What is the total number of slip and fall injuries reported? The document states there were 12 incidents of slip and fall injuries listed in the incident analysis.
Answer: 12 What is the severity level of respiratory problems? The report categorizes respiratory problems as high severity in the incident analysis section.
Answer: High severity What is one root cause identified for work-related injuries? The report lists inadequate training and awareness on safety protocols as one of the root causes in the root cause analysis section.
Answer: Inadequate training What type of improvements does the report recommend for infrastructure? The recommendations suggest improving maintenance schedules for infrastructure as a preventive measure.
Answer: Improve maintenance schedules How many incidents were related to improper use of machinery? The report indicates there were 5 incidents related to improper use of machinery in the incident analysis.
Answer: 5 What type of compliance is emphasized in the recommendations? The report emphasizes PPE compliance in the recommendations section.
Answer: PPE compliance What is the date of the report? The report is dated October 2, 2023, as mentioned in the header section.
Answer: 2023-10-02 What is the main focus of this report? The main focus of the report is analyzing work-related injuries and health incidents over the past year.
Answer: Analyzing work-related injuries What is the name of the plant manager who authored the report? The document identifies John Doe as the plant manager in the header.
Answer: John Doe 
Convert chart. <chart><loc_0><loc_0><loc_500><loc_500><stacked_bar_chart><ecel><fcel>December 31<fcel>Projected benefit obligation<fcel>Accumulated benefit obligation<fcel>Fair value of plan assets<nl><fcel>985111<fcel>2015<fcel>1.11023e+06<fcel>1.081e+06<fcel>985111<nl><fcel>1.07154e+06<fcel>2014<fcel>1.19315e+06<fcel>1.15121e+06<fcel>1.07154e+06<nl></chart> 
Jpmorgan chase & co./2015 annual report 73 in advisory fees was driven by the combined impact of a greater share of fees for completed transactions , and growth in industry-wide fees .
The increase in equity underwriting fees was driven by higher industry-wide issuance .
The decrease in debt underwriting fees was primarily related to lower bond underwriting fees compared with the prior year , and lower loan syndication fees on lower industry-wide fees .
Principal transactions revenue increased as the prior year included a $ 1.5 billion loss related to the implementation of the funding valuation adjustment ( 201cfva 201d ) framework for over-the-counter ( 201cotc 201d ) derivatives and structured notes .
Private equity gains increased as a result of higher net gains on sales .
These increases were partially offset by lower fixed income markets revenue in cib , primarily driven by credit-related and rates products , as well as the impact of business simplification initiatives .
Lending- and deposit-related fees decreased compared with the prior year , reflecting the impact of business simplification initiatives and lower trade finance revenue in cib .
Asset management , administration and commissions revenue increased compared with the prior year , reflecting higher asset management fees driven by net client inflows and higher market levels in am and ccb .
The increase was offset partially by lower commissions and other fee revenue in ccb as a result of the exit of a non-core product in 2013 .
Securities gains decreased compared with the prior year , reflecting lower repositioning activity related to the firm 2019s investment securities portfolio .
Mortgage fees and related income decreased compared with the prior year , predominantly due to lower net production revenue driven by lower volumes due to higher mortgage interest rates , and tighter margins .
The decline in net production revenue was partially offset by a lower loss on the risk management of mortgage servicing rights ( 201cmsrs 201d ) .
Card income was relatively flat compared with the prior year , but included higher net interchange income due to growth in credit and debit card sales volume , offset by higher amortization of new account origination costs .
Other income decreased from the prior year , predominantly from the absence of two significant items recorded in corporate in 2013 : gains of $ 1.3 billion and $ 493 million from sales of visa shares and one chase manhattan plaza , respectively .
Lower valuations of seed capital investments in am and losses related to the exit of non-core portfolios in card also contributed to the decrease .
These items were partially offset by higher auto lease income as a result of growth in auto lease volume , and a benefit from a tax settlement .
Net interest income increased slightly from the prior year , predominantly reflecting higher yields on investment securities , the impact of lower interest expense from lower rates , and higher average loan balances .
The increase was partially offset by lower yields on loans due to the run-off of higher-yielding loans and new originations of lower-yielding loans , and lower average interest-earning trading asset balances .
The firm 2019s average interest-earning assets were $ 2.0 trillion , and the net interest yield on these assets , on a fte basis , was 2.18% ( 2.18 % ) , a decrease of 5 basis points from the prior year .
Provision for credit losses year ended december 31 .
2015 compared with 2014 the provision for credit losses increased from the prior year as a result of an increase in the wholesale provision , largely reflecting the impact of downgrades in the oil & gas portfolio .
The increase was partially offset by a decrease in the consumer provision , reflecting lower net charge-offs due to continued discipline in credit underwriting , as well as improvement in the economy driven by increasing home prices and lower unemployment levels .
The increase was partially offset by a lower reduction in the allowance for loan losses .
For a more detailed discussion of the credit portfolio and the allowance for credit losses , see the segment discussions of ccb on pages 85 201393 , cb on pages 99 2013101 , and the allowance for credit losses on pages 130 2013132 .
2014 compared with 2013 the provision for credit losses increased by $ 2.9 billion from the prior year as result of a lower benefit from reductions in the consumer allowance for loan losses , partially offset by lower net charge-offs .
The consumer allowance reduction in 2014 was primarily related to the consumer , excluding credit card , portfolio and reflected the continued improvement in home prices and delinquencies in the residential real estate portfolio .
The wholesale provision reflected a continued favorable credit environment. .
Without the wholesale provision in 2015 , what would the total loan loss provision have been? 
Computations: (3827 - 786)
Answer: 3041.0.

** EXERCISE INSTRUCTIONS **
Write all of the records out exactly, including every line.

** TASK RESULT **
What is the total number of slip and fall injuries reported? The document states there were 12 incidents of slip and fall injuries listed in the incident analysis.
Answer: 12 What is the severity level of respiratory problems? The report categorizes respiratory problems as high severity in the incident analysis section.
Answer: High severity What is one root cause identified for work-related injuries? The report lists inadequate training and awareness on safety protocols as one of the root causes in the root cause analysis section.
Answer: Inadequate training What type of improvements does the report recommend for infrastructure? The recommendations suggest improving maintenance schedules for infrastructure as a preventive measure.
Answer: Improve maintenance schedules How many incidents were related to improper use of machinery? The report indicates there were 5 incidents related to improper use of machinery in the incident analysis.
Answer: 5 What type of compliance is emphasized in the recommendations? The report emphasizes PPE compliance in the recommendations section.
Answer: PPE compliance What is the date of the report? The report is dated October 2, 2023, as mentioned in the header section.
Answer: 2023-10-02 What is the main focus of this report? The main focus of the report is analyzing work-related injuries and health incidents over the past year.
Answer: Analyzing work-related injuries What is the name of the plant manager who authored the report? The document identifies John Doe as the plant manager in the header.
Answer: John Doe 
Convert chart. <chart><loc_0><loc_0><loc_500><loc_500><stacked_bar_chart><ecel><fcel>December 31<fcel>Projected benefit obligation<fcel>Accumulated benefit obligation<fcel>Fair value of plan assets<nl><fcel>985111<fcel>2015<fcel>1.11023e+06<fcel>1.081e+06<fcel>985111<nl><fcel>1.07154e+06<fcel>2014<fcel>1.19315e+06<fcel>1.15121e+06<fcel>1.07154e+06<nl></chart> 
Jpmorgan chase & co./2015 annual report 73 in advisory fees was driven by the combined impact of a greater share of fees for completed transactions , and growth in industry-wide fees .
The increase in equity underwriting fees was driven by higher industry-wide issuance .
The decrease in debt underwriting fees was primarily related to lower bond underwriting fees compared with the prior year , and lower loan syndication fees on lower industry-wide fees .
Principal transactions revenue increased as the prior year included a $ 1.5 billion loss related to the implementation of the funding valuation adjustment ( 201cfva 201d ) framework for over-the-counter ( 201cotc 201d ) derivatives and structured notes .
Private equity gains increased as a result of higher net gains on sales .
These increases were partially offset by lower fixed income markets revenue in cib , primarily driven by credit-related and rates products , as well as the impact of business simplification initiatives .
Lending- and deposit-related fees decreased compared with the prior year , reflecting the impact of business simplification initiatives and lower trade finance revenue in cib .
Asset management , administration and commissions revenue increased compared with the prior year , reflecting higher asset management fees driven by net client inflows and higher market levels in am and ccb .
The increase was offset partially by lower commissions and other fee revenue in ccb as a result of the exit of a non-core product in 2013 .
Securities gains decreased compared with the prior year , reflecting lower repositioning activity related to the firm 2019s investment securities portfolio .
Mortgage fees and related income decreased compared with the prior year , predominantly due to lower net production revenue driven by lower volumes due to higher mortgage interest rates , and tighter margins .
The decline in net production revenue was partially offset by a lower loss on the risk management of mortgage servicing rights ( 201cmsrs 201d ) .
Card income was relatively flat compared with the prior year , but included higher net interchange income due to growth in credit and debit card sales volume , offset by higher amortization of new account origination costs .
Other income decreased from the prior year , predominantly from the absence of two significant items recorded in corporate in 2013 : gains of $ 1.3 billion and $ 493 million from sales of visa shares and one chase manhattan plaza , respectively .
Lower valuations of seed capital investments in am and losses related to the exit of non-core portfolios in card also contributed to the decrease .
These items were partially offset by higher auto lease income as a result of growth in auto lease volume , and a benefit from a tax settlement .
Net interest income increased slightly from the prior year , predominantly reflecting higher yields on investment securities , the impact of lower interest expense from lower rates , and higher average loan balances .
The increase was partially offset by lower yields on loans due to the run-off of higher-yielding loans and new originations of lower-yielding loans , and lower average interest-earning trading asset balances .
The firm 2019s average interest-earning assets were $ 2.0 trillion , and the net interest yield on these assets , on a fte basis , was 2.18% ( 2.18 % ) , a decrease of 5 basis points from the prior year .
Provision for credit losses year ended december 31 .
2015 compared with 2014 the provision for credit losses increased from the prior year as a result of an increase in the wholesale provision , largely reflecting the impact of downgrades in the oil & gas portfolio .
The increase was partially offset by a decrease in the consumer provision , reflecting lower net charge-offs due to continued discipline in credit underwriting , as well as improvement in the economy driven by increasing home prices and lower unemployment levels .
The increase was partially offset by a lower reduction in the allowance for loan losses .
For a more detailed discussion of the credit portfolio and the allowance for credit losses , see the segment discussions of ccb on pages 85 201393 , cb on pages 99 2013101 , and the allowance for credit losses on pages 130 2013132 .
2014 compared with 2013 the provision for credit losses increased by $ 2.9 billion from the prior year as result of a lower benefit from reductions in the consumer allowance for loan losses , partially offset by lower net charge-offs .
The consumer allowance reduction in 2014 was primarily related to the consumer , excluding credit card , portfolio and reflected the continued improvement in home prices and delinquencies in the residential real estate portfolio .
The wholesale provision reflected a continued favorable credit environment. .
Without the wholesale provision in 2015 , what would the total loan loss provision have been? 
Computations: (3827 - 786)
Answer: 3041.0.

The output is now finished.